【PTOGW】構築ラウンド振り返り【Day2】
2日目が終了し、Team Cygamesのメンバーはそれぞれかなりの好成績を挙げました。特に山本さんは、あと1勝で惜しくもトップ8に及びませんでしたが、14位入賞で賞金5000ドル(約58万円)とプロポイント15点という大きな成果を得ました。
すでにお伝えしている通り、市川さん・山本さん・渡辺さんの3人は、津村健志さんにシェアされたほぼ同じ「エムラシュート」デッキを使用しています。そこで津村健志さんに、このデッキがどのようにして誕生したか簡単にお聞きしました。

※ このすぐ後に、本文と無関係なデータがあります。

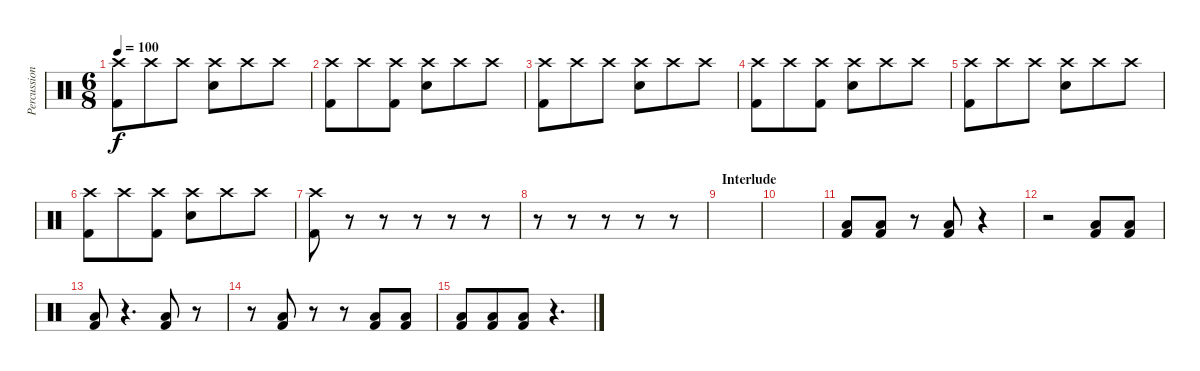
\track ("Percussion" "Percussion") {instrument percussion}
\staff {score}
\articulation defaults
\ts (6 8)
\tempo 100
\clef neutral
\ks c
("Crash high (hit)" "Kick (hit) 2").8{dy f} "Crash high (hit)".8 "Crash high (hit)".8 ("Crash high (hit)" "Electric Snare (hit)").8 "Crash high (hit)".8 "Crash high (hit)".8 |
("Crash high (hit)" "Kick (hit) 2").8 "Crash high (hit)".8 ("Crash high (hit)" "Kick (hit) 2").8 ("Crash high (hit)" "Electric Snare (hit)").8 "Crash high (hit)".8 "Crash high (hit)".8 |
("Crash high (hit)" "Kick (hit) 2").8 "Crash high (hit)".8 "Crash high (hit)".8 ("Crash high (hit)" "Electric Snare (hit)").8 "Crash high (hit)".8 "Crash high (hit)".8 |
("Crash high (hit)" "Kick (hit) 2").8 "Crash high (hit)".8 ("Crash high (hit)" "Kick (hit) 2").8 ("Crash high (hit)" "Electric Snare (hit)").8 "Crash high (hit)".8 "Crash high (hit)".8 |
("Crash high (hit)" "Kick (hit) 2").8 "Crash high (hit)".8 "Crash high (hit)".8 ("Crash high (hit)" "Electric Snare (hit)").8 "Crash high (hit)".8 "Crash high (hit)".8 |
("Crash high (hit)" "Kick (hit) 2").8 "Crash high (hit)".8 ("Crash high (hit)" "Kick (hit) 2").8 ("Crash high (hit)" "Electric Snare (hit)").8 "Crash high (hit)".8 "Crash high (hit)".8 |
("Crash high (hit)" "Kick (hit) 2").8 r.8 r.8 r.8 r.8 r.8 |
r.8 r.8 r.8 r.8 r.8 |
\section ("" "Interlude")
|
|
("Low Floor Tom (hit)" "Kick (hit) 2").8 ("Low Floor Tom (hit)" "Kick (hit) 2").8 r.8 ("Low Floor Tom (hit)" "Kick (hit) 2").8 r.4 |
r.2 ("Low Floor Tom (hit)" "Kick (hit) 2").8 ("Low Floor Tom (hit)" "Kick (hit) 2").8 |
("Low Floor Tom (hit)" "Kick (hit) 2").8 r.4{d} ("Low Floor Tom (hit)" "Kick (hit) 2").8 r.8 |
r.8 ("Low Floor Tom (hit)" "Kick (hit) 2").8 r.8 r.8 ("Low Floor Tom (hit)" "Kick (hit) 2").8 ("Low Floor Tom (hit)" "Kick (hit) 2").8 |
("Low Floor Tom (hit)" "Kick (hit) 2").8 ("Low Floor Tom (hit)" "Kick (hit) 2").8 ("Low Floor Tom (hit)" "Kick (hit) 2").8 r.4{d}

※画像は【MAGIC: THE GATHERING】より引用させていただきました。
もともと、《ヴリンの神童、ジェイス/Jace, Vryn’s Prodigy(ORI)》と《御霊の復讐/Goryo’s Vengeance(BOK)》の組み合わせは強いと言われていました。津村さんはそれを生かして《引き裂かれし永劫、エムラクール/Emrakul, the Aeons Torn(ROE)》を高速で呼び出すデッキができないかと思い、まずグリクシスリアニメート(墓地から巨大クリーチャーを復活させる青黒赤のデッキ)のデッキレシピをマジック・オンラインで探しました。1つだけ見つかりましたが、それには《ヴリンの神童、ジェイス/Jace, Vryn’s Prodigy(ORI)》が入っていなかったため入れて回してみたら感触がよく、成績も上々でした。このデッキはたいていの墓地対策を使われても、《裂け目の突破/Through the Breach(CHK) 》によってかいくぐれるのが強みだと思ったので、ほかのいろいろなデッキも使いつつ調整したとのことです。

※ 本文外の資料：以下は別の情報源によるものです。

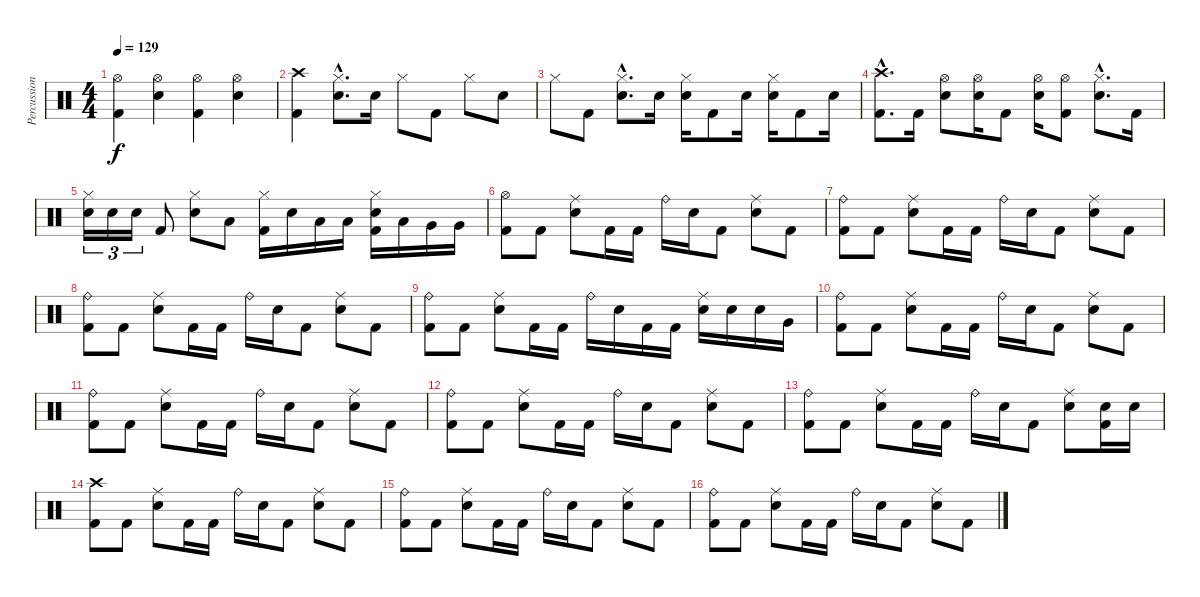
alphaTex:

\track ("Percussions" "Percussion") {instrument percussion}
\staff {score}
\articulation defaults
\ts (4 4)
\tempo 129
\clef neutral
\ks c
("Hi-Hat (open)" "Kick (hit) 2").4{dy f} ("Hi-Hat (open)" "Electric Snare (hit)").4 ("Hi-Hat (open)" "Kick (hit) 2").4 ("Hi-Hat (open)" "Electric Snare (hit)").4 |
("Crash high (hit)" "Kick (hit) 2").4 ("Hi-Hat (closed)"{hac} "Electric Snare (hit)"{hac}).8{d} "Electric Snare (hit)".16 "Hi-Hat (closed)".8 "Kick (hit) 2".8 "Hi-Hat (closed)".8 "Electric Snare (hit)".8 |
"Hi-Hat (closed)".8 "Kick (hit) 2".8 ("Hi-Hat (closed)"{hac} "Electric Snare (hit)"{hac}).8{d} "Electric Snare (hit)".16 ("Hi-Hat (closed)" "Electric Snare (hit)").16 "Kick (hit) 2".8 "Electric Snare (hit)".16 ("Hi-Hat (closed)" "Electric Snare (hit)").16 "Kick (hit) 2".8 "Electric Snare (hit)".16 |
("Crash high (hit)"{hac} "Kick (hit) 2"{hac}).8{d} "Kick (hit) 2".16 ("Hi-Hat (open)" "Electric Snare (hit)").8 ("Hi-Hat (open)" "Electric Snare (hit)").16 "Kick (hit) 2".8 ("Hi-Hat (open)" "Electric Snare (hit)").16 ("Hi-Hat (open)" "Kick (hit) 2").8 ("Hi-Hat (closed)"{hac} "Electric Snare (hit)"{hac}).8{d} "Kick (hit) 2".16 |
("Hi-Hat (closed)" "Electric Snare (hit)").16{tu (3 2)} "Electric Snare (hit)".16{tu (3 2)} "Electric Snare (hit)".16{tu (3 2)} "Kick (hit) 2".8 ("Hi-Hat (closed)" "Electric Snare (hit)").8 "Low Tom (hit)".8 ("Hi-Hat (closed)" "Kick (hit) 2").16 "Electric Snare (hit)".16 "Low Tom (hit)".16 "Low Tom (hit)".16 ("Hi-Hat (closed)" "Electric Snare (hit)" "Kick (hit) 2").16 "Low Tom (hit)".16 "Very Low Tom (hit)".16 "Very Low Tom (hit)".16 |
("Hi-Hat (open)" "Kick (hit) 2").8 "Kick (hit) 2".8 ("Ride (middle)" "Electric Snare (hit)").8 "Kick (hit) 2".16 "Kick (hit) 2".16 "Ride (bell)".16 "Electric Snare (hit)".16 "Kick (hit) 2".8 ("Ride (middle)" "Electric Snare (hit)").8 "Kick (hit) 2".8 |
("Ride (bell)" "Kick (hit) 2").8 "Kick (hit) 2".8 ("Ride (middle)" "Electric Snare (hit)").8 "Kick (hit) 2".16 "Kick (hit) 2".16 "Ride (bell)".16 "Electric Snare (hit)".16 "Kick (hit) 2".8 ("Ride (middle)" "Electric Snare (hit)").8 "Kick (hit) 2".8 |
("Ride (bell)" "Kick (hit) 2").8 "Kick (hit) 2".8 ("Ride (middle)" "Electric Snare (hit)").8 "Kick (hit) 2".16 "Kick (hit) 2".16 "Ride (bell)".16 "Electric Snare (hit)".16 "Kick (hit) 2".8 ("Ride (middle)" "Electric Snare (hit)").8 "Kick (hit) 2".8 |
("Ride (bell)" "Kick (hit) 2").8 "Kick (hit) 2".8 ("Ride (middle)" "Electric Snare (hit)").8 "Kick (hit) 2".16 "Kick (hit) 2".16 "Ride (bell)".16 "Electric Snare (hit)".16 "Kick (hit) 2".16 "Kick (hit) 2".16 ("Ride (middle)" "Electric Snare (hit)").16 "Electric Snare (hit)".16 "Electric Snare (hit)".16 "Very Low Tom (hit)".16 |
("Ride (bell)" "Kick (hit) 2").8 "Kick (hit) 2".8 ("Ride (middle)" "Electric Snare (hit)").8 "Kick (hit) 2".16 "Kick (hit) 2".16 "Ride (bell)".16 "Electric Snare (hit)".16 "Kick (hit) 2".8 ("Ride (middle)" "Electric Snare (hit)").8 "Kick (hit) 2".8 |
("Ride (bell)" "Kick (hit) 2").8 "Kick (hit) 2".8 ("Ride (middle)" "Electric Snare (hit)").8 "Kick (hit) 2".16 "Kick (hit) 2".16 "Ride (bell)".16 "Electric Snare (hit)".16 "Kick (hit) 2".8 ("Ride (middle)" "Electric Snare (hit)").8 "Kick (hit) 2".8 |
("Ride (bell)" "Kick (hit) 2").8 "Kick (hit) 2".8 ("Ride (middle)" "Electric Snare (hit)").8 "Kick (hit) 2".16 "Kick (hit) 2".16 "Ride (bell)".16 "Electric Snare (hit)".16 "Kick (hit) 2".8 ("Ride (middle)" "Electric Snare (hit)").8 "Kick (hit) 2".8 |
("Ride (bell)" "Kick (hit) 2").8 "Kick (hit) 2".8 ("Ride (middle)" "Electric Snare (hit)").8 "Kick (hit) 2".16 "Kick (hit) 2".16 "Ride (bell)".16 "Electric Snare (hit)".16 "Kick (hit) 2".8 ("Ride (middle)" "Electric Snare (hit)").8 ("Electric Snare (hit)" "Kick (hit) 2").16 "Electric Snare (hit)".16 |
("Crash high (hit)" "Kick (hit) 2").8 "Kick (hit) 2".8 ("Ride (middle)" "Electric Snare (hit)").8 "Kick (hit) 2".16 "Kick (hit) 2".16 "Ride (bell)".16 "Electric Snare (hit)".16 "Kick (hit) 2".8 ("Ride (middle)" "Electric Snare (hit)").8 "Kick (hit) 2".8 |
("Ride (bell)" "Kick (hit) 2").8 "Kick (hit) 2".8 ("Ride (middle)" "Electric Snare (hit)").8 "Kick (hit) 2".16 "Kick (hit) 2".16 "Ride (bell)".16 "Electric Snare (hit)".16 "Kick (hit) 2".8 ("Ride (middle)" "Electric Snare (hit)").8 "Kick (hit) 2".8 |
("Ride (bell)" "Kick (hit) 2").8 "Kick (hit) 2".8 ("Ride (middle)" "Electric Snare (hit)").8 "Kick (hit) 2".16 "Kick (hit) 2".16 "Ride (bell)".16 "Electric Snare (hit)".16 "Kick (hit) 2".8 ("Ride (middle)" "Electric Snare (hit)").8 "Kick (hit) 2".8

それでは、2日目のモダンラウンドの結果をまとめていきましょう。
●市川ユウキの場合
Reid Dukeさんとの試合。
2日目ドラフトラウンドの戦績
3-0
2日目モダンの戦績(2日間の通算戦績 10-6/48位)
ラウンド | 対戦相手のデッキ | 勝敗 |
---|---|---|
12 | 親和(Pascal Maynard) | 負け(○××) |
13 | 無色エルドラージ(David Ochoa) | 勝ち(○○) |
14 | ジャンド(Reid Duke) | 負け(××) |
15 | 親和(Connor Laehn) | 勝ち(×○○) |
16 | 無色エルドラージ(Mike Sigrist) | 負け(××) |
1《島》 1《山》 1《沼》 4《汚染された三角州》 4《沸騰する小湖》 2《血染めのぬかるみ》 2《忍び寄るタール坑》 1《黒割れの崖》 1《血の墓所》 1《闇滑りの岸》 1《蒸気孔》 1《湿った墓》 土地(20)
クリーチャー(16) |
4《信仰無き物あさり》 4《血清の幻視》 4《御霊の復讐》 4《イゼットの魔除け》 4《裂け目の突破》 3《思考囲い》 1《稲妻》 呪文(24) |
4《神聖の力線》 4《汚損破》 3《稲妻》 2《払拭》 1《すべてを護るもの、母聖樹》 1《苦い真理》 サイドボード(15) |
――デッキにおける自分なりの調整ポイントは?
市川「元の津村さんのデッキレシピでは《呪文貫き/Spell Pierce(ZEN)》3枚と《差し戻し/Remand(RAV)》1枚だったところが、《思考囲い/Thoughtseize(THS)》3枚と《稲妻/Lightning Bolt(M11)》1枚に差し替わってます。《思考囲い/Thoughtseize(THS)》なら、自分に撃つことで「《引き裂かれし永劫、エムラクール/Emrakul, the Aeons Torn(ROE)》を捨てて《御霊の復讐/Goryo’s Vengeance(BOK)》を撃つ」という動きが、《イゼットの魔除け/Izzet Charm(RTR)》だったら計4マナかかるところを、1マナ軽くできるから。その分ライフが減るのは早いけど、コンボスタートが1ターン早くなるなら、ライフは関係ない。また、《束縛なきテレパス、ジェイス/Jace, Telepath Unbound(ORI)》でフラッシュバックもできて、遅いデッキに対して強いのも理由。」
――サイドボードは元のレシピとどう違いますか?
市川「《粉砕の嵐/Shatterstorm(10ED)》がなくて、代わりに《汚損破/Vandalblast(RTR)》が4枚入っていること。親和相手ならもちろん《粉砕の嵐/Shatterstorm(10ED)》のほうがいいけど、《汚損破/Vandalblast(RTR)》はトロンやマーフォークデッキなどにも広く使えると思ったから。でも実際に当たった相手の中にトロンとマーフォークはゼロで、親和が2回なので、せめて両方2枚ずつに散らすとかすればよかった。」
――もう一度このプロツアーをやり直すとしたら、どうしますか?
市川「プロツアーの結果を見ると、エムラシュートという選択はあまりいいものではなかったように思います。バーンとトロンなど、フェアデッキには強いけど2日目で上位に上がってきた親和と無色エルドラージには弱くて、“2日目に弱いデッキ”だった。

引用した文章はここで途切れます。